Don't take men shopping

This is why women should not take men shopping against their will.
DON'T TAKE ME IF I DON'T WANT TO GO...........


After Mr. and Mrs. Fenton retired, Mrs. Fenton insisted her husband accompany her on her trips to Wal-Mart.
Unfortunately, Mr. Fenton was, like most men, he found shopping boring and preferred to get in and get out.
Equally unfortunately, Mrs. Fenton was like most women--she loved to browse. One day Mrs. Fenton received the following letter from her local Wal-Mart.

Dear Mrs. Fenton,

Over the past six months, your husband has been causing quite a commotion in our store. We cannot tolerate this behavior and may be forced to ban both of you from the store. Our complaints against Mr. Fenton are listed below and are documented by our video surveillance cameras.

1. June 15: Took 24 boxes of condoms and randomly put them in people's carts when they weren't looking.
2 . July 2: Set all the alarm clocks in Housewares to go off at 5-minute intervals.
3. July 7: Made a trail of tomato juice on the floor leading to the women's restroom.
4. July 19: Walked up to an employee and told her in an official voice, "Code 3 in Housewares. Get on it right away."
5. August 4: Went to the Service Desk and tried to put a bag of M&M's on layaway.
6. September 14: Moved a "CAUTION - WET FLOOR" sign to a carpeted area.
7. September 15: Set up a tent in the camping department and told other shoppers he'd invite them in if they would bring pillows and blankets from the bedding department.
8. September 23: When a clerk asked if they could help him he began crying and screamed, "Why can't you people just leave me alone?"
9. October 4: Looked right into the security camera and used it as a mirror while he picked his nose.
10. November 10: While handling guns in the hunting department, he asked the clerk where the antidepressants were.
11 December 3: Darted around the store suspiciously while loudly humming the "Mission Impossible" theme.
12. December 6: In the auto department, he practiced his "Madonna look" by using different sizes of funnels.
13. December 18: Hid in a clothing rack and when people browsed through, yelled "PICK ME! PICK ME!"
14. December 21: When an announcement came over the loud speaker, he assumed a fetal position and screamed "OH NO! IT'S THOSE VOICES AGAIN!"

And last, but not least...
15. December 23: Went into a fitting room, shut the door, waited awhile, then yelled very loudly, "Hey! There's no toilet paper in here!"

Regards, Wal-Mart
 
Funny. =3

I will never understand how women can't just walk into a store, pick the first thing that fits, and buy it. Shopping is not an Event.
 
Funny. =3

I will never understand how women can't just walk into a store, pick the first thing that fits, and buy it. Shopping is not an Event.

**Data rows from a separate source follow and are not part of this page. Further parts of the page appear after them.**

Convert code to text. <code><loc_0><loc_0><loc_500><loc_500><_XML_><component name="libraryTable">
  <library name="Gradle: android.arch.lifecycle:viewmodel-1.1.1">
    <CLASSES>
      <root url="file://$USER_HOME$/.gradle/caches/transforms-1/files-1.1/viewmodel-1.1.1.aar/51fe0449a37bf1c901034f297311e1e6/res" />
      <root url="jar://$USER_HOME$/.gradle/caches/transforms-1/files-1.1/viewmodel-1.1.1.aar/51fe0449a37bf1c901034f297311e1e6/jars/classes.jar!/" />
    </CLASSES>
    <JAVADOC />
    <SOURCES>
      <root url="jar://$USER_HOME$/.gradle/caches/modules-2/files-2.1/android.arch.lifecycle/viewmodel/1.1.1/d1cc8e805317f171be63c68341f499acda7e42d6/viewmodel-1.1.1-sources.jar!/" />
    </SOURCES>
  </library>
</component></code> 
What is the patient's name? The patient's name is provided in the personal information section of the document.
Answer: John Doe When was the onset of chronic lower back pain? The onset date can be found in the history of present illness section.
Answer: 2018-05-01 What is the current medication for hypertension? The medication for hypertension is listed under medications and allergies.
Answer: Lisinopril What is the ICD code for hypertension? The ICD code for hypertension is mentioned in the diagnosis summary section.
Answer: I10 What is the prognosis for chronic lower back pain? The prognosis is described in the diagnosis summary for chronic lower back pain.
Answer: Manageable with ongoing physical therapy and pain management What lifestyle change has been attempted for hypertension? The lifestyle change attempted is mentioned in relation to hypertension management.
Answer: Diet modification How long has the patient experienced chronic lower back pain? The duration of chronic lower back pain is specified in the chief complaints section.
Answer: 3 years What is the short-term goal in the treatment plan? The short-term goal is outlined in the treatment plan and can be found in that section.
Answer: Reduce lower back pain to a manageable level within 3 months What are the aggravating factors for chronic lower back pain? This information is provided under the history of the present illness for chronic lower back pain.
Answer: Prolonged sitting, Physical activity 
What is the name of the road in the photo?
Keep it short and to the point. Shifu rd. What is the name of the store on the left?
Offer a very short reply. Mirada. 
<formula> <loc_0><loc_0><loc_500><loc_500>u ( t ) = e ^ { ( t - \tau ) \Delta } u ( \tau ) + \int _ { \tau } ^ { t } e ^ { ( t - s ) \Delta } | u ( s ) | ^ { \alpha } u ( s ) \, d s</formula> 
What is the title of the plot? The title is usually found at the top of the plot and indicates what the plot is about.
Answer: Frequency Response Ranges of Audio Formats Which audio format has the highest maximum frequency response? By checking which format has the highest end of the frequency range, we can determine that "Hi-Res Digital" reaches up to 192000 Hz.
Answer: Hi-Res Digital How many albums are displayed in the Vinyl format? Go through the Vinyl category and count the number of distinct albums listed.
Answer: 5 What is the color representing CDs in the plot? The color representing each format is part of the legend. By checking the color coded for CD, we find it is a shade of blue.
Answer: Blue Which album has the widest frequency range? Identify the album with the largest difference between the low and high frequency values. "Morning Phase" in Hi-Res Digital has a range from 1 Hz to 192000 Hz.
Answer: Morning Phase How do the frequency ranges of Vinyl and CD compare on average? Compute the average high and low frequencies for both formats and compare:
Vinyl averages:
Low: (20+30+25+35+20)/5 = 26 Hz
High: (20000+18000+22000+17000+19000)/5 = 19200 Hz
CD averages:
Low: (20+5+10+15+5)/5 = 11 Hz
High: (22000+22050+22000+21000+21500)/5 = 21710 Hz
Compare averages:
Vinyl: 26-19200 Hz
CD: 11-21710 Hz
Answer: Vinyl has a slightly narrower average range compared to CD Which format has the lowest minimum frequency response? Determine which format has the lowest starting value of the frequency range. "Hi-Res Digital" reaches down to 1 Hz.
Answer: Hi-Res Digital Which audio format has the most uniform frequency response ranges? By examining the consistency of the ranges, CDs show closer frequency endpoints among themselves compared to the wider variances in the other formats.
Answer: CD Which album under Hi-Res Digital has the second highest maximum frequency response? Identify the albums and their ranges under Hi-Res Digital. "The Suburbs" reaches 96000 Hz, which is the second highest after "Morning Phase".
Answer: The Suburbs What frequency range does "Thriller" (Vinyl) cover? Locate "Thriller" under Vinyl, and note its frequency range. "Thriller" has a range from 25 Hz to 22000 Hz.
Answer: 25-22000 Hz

It's definitely not all women. I frankly can't stand to shop. I just want to get it over and done with.
 
In large part it's us reverting back to our ancient instincts. Men hunt for things even in stores. You go in, stalk your target, pounce, and drag the kill back to your house. There is no room for anything else in the equation.
Women go in and gather. They look around for what's available, compare it with what they need or can use, and in general browse around for anything servicable in the area. A successful trip brings back information on availability of resources in the area at least, and a good quantity of those resources at most.
 
I'm just indecisive and so it takes me forever to shop..specifically in book and game stores. >.>;

I just started working Walmart within the last week. I think I'd actually enjoy it, seeing someone do all of this! Of course, I don't have to deal with them so much at the cash register... and would most likely do it in any other store anyhow..and have...<.<;
 
That's awesome. I'd be willing to do half the things on that list, but only if I was there with people.

Personally, I love shopping, but I can't stand clothes shopping. Depending on the store, I get very claustrophobic and irritated, for some reason. I think it's the "rabble, rabble, whurr" that some stores seem to have, just from all the people running around, talking, and getting pushy.

Last time I was at Wal-Mart, the thing rang up to $9.51. The cashier was busy messing around with the register thing, as she didn't really seem to get it, but everything was put in, so I set two fives and a penny on the little raised platform thing, and jammed my wallet back into my pocket. I look up from putting my wallet away, the lady's taken the two fives and left the penny. I try and hand her the penny, only to have her say "It's too late, I already put it in." Now, the drawer was still open, so she just meant she'd typed in that I gave her ten bucks. I said "What do you mean 'It's too late'? The penny was sitting on top of the fives!", and she just kind of scowled at me and handed me my change. Then my mom (who was next in line) said "OK, give it here.", and took what was supposed to be fifty cents.(What she gave me, plus the penny.) I wasn't standing there the whole time, but apparently, she wouldn't give my mom two quarters for it because it was only $0.47... Then she kept saying "I'm not lying!" when my mom told her that was everything she'd given me. Moral of the story? You should be allowed to smack stupid people upside the head.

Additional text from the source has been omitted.